* EXERCISE PROMPT
Output only the stretch of the listing that starts at the line containing "6. car <box>1083,853,1109,864</box>" and ends at the line containing "19. car <box>1255,845,1297,866</box>", reproduced exactly with both ends.

* DATA TO EXAMINE
[Start of Attachment]
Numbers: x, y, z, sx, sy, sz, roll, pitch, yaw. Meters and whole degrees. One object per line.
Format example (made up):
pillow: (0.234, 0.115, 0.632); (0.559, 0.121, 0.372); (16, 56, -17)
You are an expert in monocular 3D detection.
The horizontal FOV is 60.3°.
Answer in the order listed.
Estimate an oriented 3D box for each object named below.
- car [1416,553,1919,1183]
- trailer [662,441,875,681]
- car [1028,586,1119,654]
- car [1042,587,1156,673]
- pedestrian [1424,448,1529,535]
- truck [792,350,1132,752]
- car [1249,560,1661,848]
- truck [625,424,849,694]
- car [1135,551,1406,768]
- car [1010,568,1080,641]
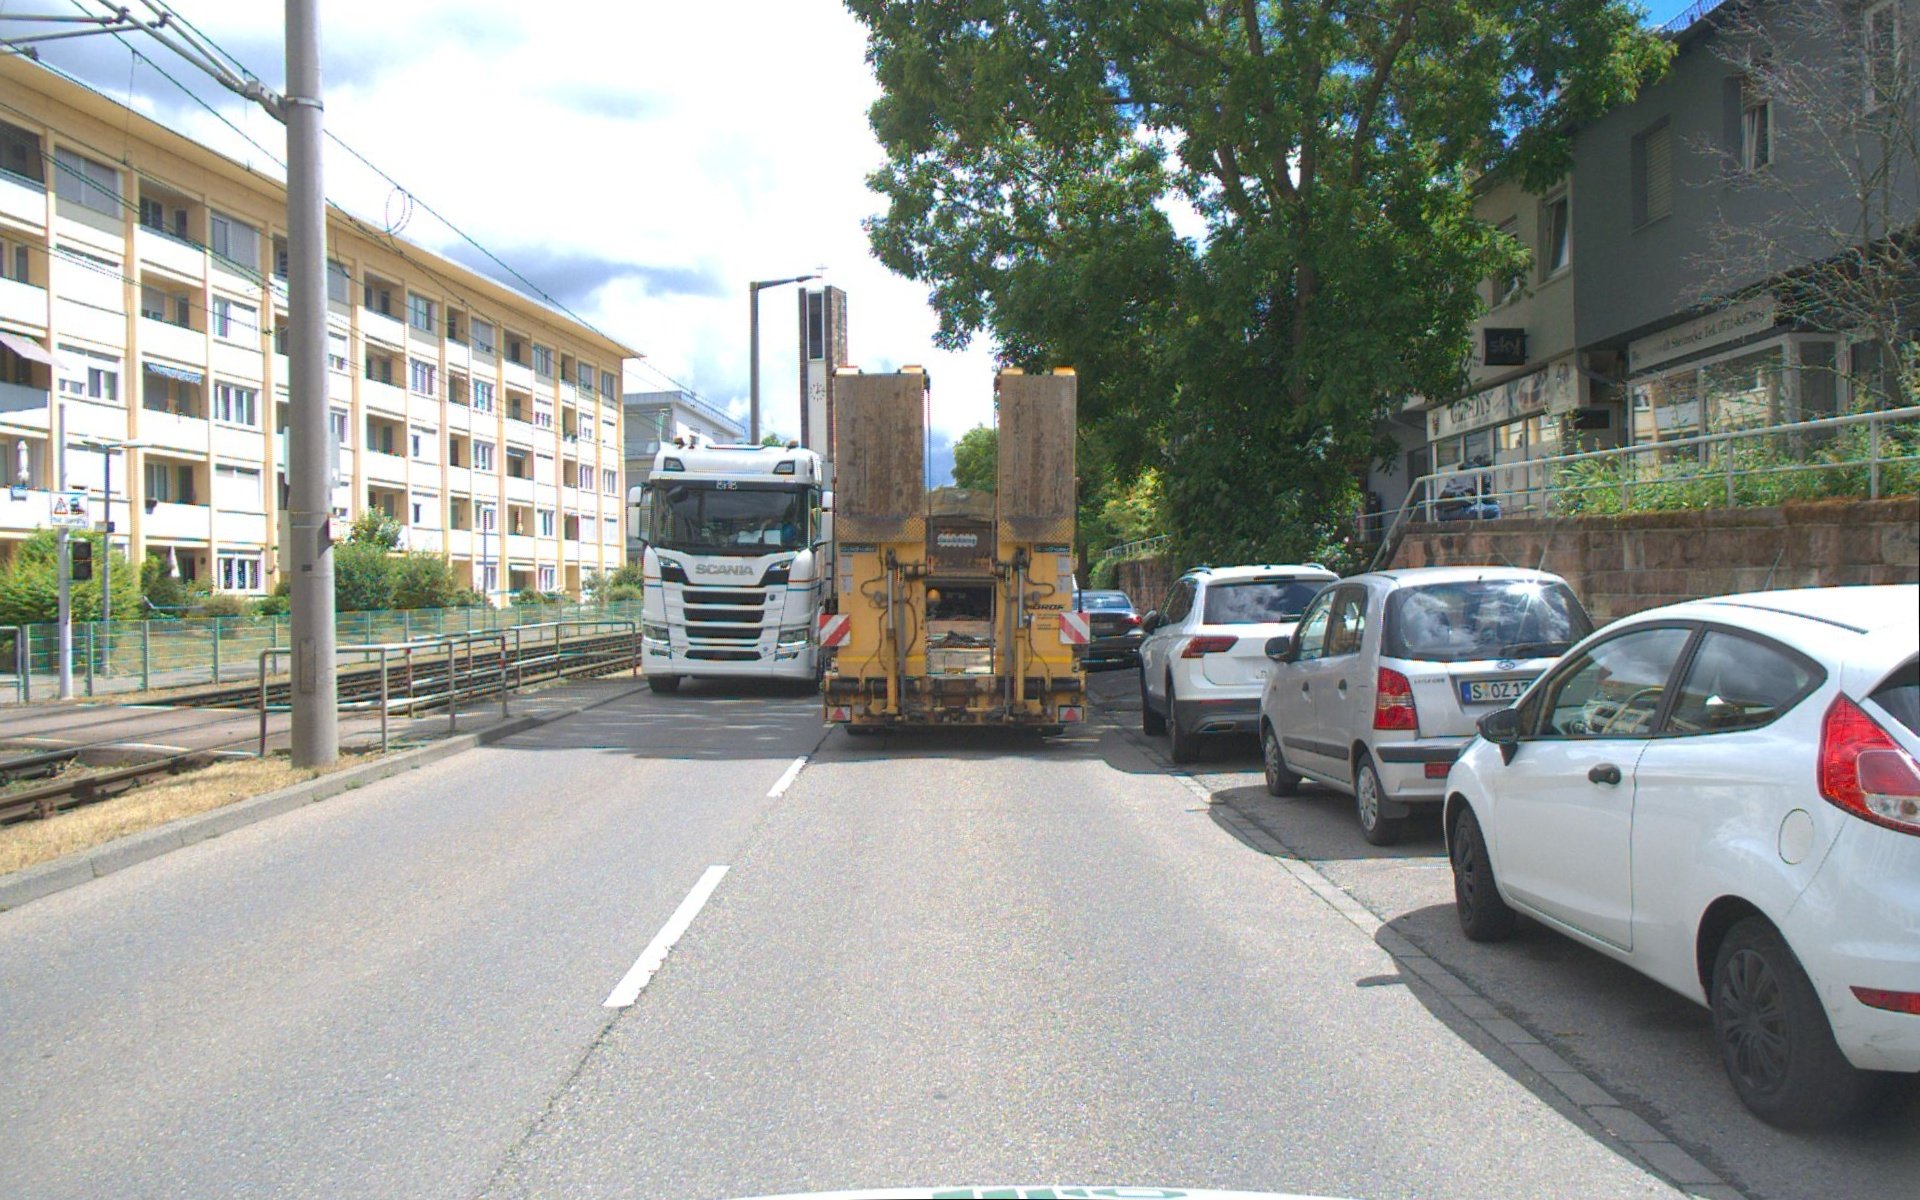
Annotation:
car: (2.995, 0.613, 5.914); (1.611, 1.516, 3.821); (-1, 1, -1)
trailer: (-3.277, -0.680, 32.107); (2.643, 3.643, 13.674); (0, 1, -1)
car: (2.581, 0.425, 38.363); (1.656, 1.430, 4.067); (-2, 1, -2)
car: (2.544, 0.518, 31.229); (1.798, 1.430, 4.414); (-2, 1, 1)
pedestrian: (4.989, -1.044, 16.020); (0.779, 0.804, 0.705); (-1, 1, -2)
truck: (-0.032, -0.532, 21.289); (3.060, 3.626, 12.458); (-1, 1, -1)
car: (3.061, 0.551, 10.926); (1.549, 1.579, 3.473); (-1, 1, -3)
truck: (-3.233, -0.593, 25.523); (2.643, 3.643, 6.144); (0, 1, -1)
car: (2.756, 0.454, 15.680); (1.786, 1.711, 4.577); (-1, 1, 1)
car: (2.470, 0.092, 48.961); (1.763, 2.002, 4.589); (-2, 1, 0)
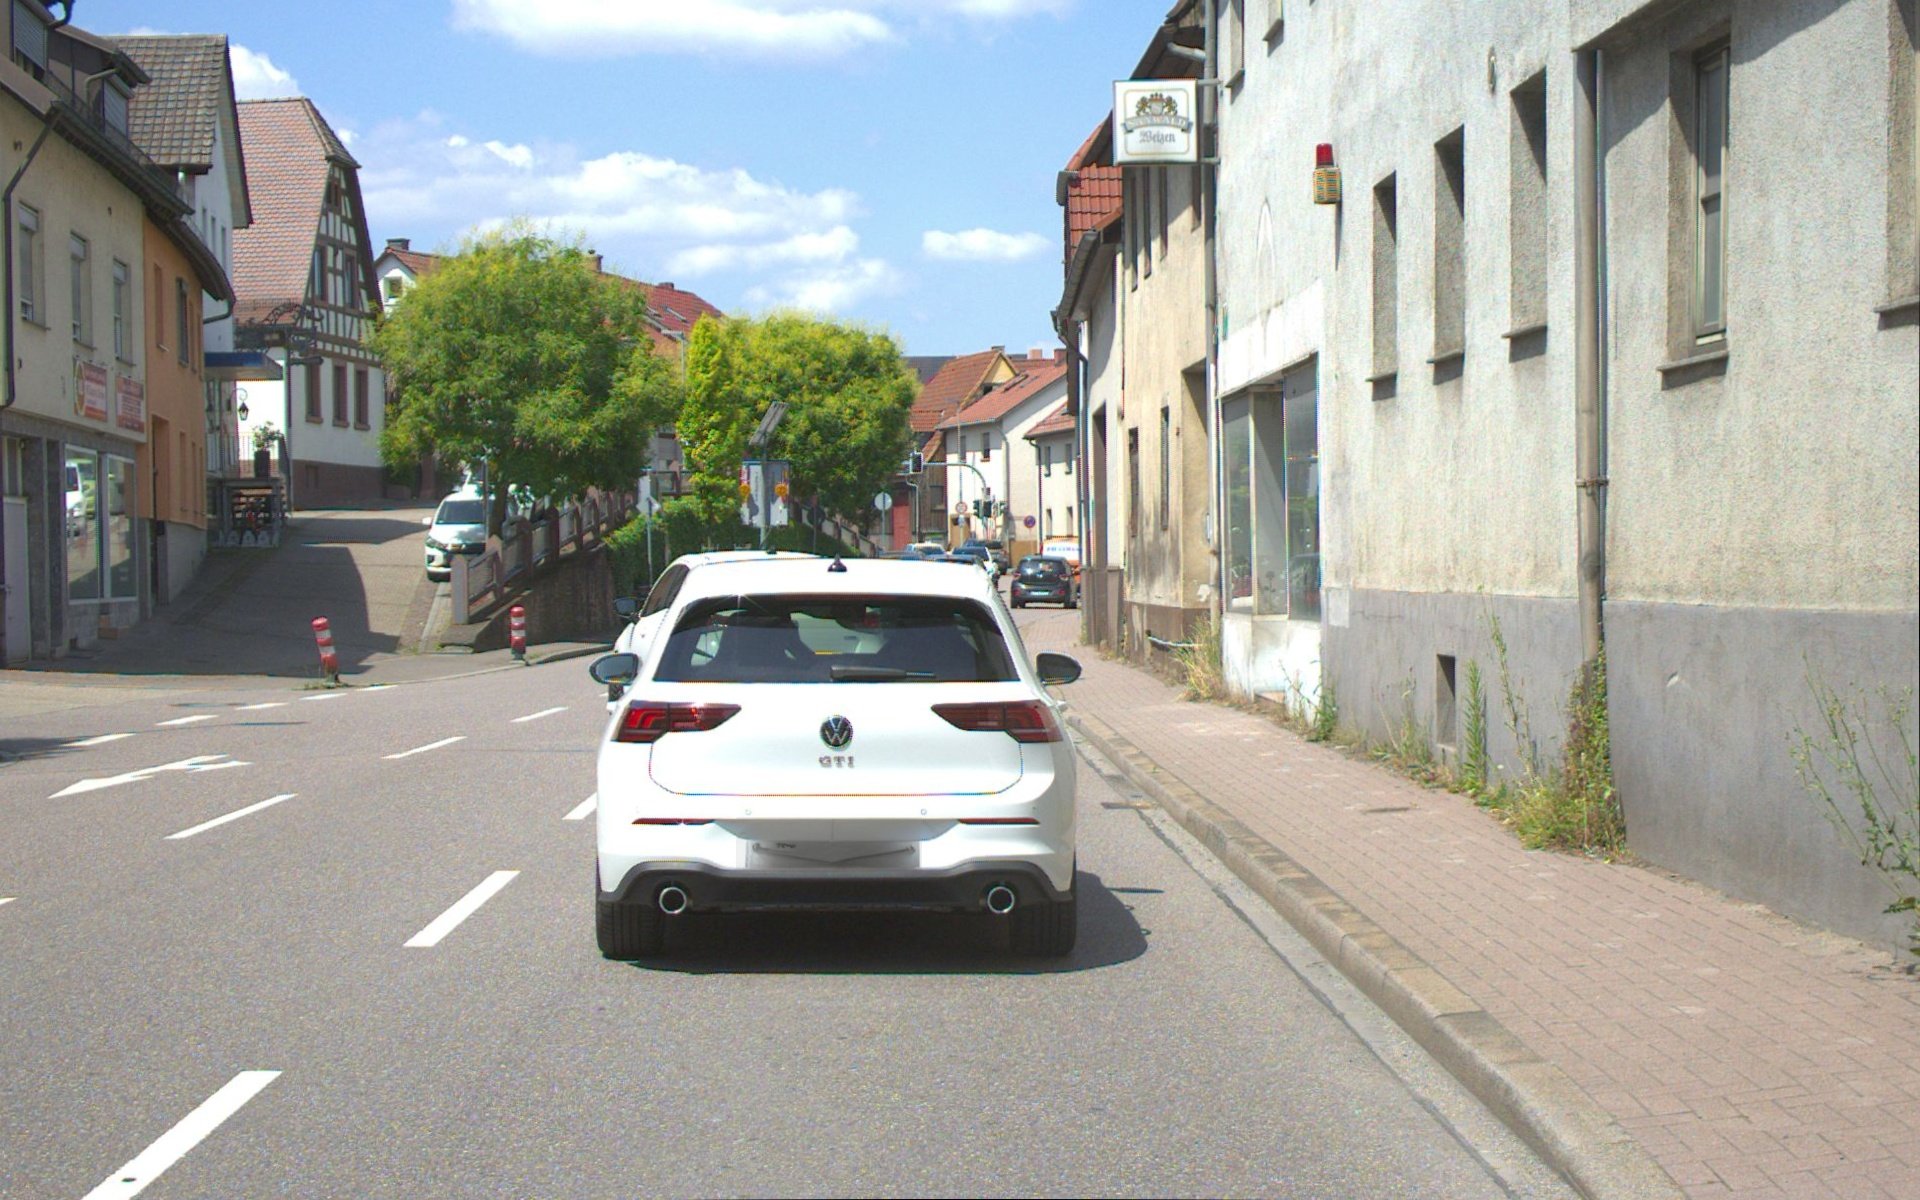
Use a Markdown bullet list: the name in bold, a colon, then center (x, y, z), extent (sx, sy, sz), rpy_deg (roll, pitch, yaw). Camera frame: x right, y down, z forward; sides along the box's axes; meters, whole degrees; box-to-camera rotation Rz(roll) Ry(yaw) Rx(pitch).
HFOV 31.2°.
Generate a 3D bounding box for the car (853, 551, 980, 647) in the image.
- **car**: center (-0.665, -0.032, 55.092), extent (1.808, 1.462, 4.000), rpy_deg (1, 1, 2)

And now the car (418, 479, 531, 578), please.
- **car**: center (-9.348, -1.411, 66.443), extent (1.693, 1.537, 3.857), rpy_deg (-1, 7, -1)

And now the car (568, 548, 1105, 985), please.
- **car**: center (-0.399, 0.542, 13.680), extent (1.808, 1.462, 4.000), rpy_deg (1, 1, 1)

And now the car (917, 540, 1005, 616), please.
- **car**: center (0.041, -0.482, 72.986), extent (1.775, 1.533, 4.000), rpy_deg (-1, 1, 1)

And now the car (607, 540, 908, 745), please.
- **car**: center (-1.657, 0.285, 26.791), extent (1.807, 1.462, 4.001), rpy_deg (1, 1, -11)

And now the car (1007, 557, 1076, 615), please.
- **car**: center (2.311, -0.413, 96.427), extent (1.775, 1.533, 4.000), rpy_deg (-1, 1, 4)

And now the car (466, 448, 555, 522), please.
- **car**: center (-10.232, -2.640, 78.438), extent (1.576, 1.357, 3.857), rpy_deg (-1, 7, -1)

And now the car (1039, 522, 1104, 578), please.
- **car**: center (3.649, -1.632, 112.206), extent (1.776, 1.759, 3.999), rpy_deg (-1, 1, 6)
[End of Attachment]
[Start of Attachment]
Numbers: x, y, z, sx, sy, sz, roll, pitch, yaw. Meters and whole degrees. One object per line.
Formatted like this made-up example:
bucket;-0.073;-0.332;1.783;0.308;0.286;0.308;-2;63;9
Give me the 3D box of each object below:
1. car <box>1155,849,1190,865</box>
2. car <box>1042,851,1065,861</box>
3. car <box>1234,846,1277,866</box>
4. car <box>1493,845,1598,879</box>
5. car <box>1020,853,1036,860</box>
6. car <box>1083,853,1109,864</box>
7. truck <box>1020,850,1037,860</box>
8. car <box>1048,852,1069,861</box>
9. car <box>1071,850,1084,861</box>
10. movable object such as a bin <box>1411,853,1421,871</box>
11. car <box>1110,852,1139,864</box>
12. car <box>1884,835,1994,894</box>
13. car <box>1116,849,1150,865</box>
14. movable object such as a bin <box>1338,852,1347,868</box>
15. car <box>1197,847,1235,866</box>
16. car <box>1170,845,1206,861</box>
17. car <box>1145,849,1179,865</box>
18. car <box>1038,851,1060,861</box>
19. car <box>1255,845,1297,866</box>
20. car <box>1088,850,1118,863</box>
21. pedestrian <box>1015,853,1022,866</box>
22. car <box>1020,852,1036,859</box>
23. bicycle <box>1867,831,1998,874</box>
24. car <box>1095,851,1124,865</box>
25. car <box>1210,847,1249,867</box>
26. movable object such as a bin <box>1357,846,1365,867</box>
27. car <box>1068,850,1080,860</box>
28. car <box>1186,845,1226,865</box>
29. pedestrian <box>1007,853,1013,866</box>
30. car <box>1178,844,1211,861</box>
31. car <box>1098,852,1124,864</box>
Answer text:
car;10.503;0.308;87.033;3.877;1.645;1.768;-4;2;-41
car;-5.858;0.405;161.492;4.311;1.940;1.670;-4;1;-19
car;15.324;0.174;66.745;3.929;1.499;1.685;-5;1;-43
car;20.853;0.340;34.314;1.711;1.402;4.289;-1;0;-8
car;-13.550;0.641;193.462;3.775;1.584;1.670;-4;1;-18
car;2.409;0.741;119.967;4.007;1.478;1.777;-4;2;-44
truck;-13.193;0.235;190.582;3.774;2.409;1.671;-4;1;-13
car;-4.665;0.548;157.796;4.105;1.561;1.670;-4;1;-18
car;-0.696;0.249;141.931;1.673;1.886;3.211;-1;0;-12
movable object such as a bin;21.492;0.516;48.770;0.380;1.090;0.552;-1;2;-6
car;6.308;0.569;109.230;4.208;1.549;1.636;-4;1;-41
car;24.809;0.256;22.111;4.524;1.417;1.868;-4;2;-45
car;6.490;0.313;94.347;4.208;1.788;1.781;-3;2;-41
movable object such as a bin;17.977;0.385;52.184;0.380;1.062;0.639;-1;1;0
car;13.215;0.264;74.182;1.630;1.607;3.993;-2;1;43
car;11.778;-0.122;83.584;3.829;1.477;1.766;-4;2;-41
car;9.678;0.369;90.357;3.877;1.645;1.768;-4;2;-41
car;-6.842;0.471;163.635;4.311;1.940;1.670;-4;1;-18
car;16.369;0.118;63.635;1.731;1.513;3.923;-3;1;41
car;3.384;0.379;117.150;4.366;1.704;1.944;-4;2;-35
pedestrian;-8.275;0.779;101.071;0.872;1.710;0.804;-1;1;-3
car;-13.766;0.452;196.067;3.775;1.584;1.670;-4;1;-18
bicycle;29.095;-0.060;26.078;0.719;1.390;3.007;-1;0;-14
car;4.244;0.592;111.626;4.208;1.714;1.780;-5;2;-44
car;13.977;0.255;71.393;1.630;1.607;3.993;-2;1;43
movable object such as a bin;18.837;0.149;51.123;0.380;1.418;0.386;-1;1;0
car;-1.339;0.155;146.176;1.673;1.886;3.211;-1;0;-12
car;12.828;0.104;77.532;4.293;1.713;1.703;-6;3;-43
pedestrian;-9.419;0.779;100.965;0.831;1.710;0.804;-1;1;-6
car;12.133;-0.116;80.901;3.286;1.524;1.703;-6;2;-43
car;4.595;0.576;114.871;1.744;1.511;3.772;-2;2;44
[End of Attachment]
* EXERCISE OUTPUT
6. car <box>1083,853,1109,864</box>
7. truck <box>1020,850,1037,860</box>
8. car <box>1048,852,1069,861</box>
9. car <box>1071,850,1084,861</box>
10. movable object such as a bin <box>1411,853,1421,871</box>
11. car <box>1110,852,1139,864</box>
12. car <box>1884,835,1994,894</box>
13. car <box>1116,849,1150,865</box>
14. movable object such as a bin <box>1338,852,1347,868</box>
15. car <box>1197,847,1235,866</box>
16. car <box>1170,845,1206,861</box>
17. car <box>1145,849,1179,865</box>
18. car <box>1038,851,1060,861</box>
19. car <box>1255,845,1297,866</box>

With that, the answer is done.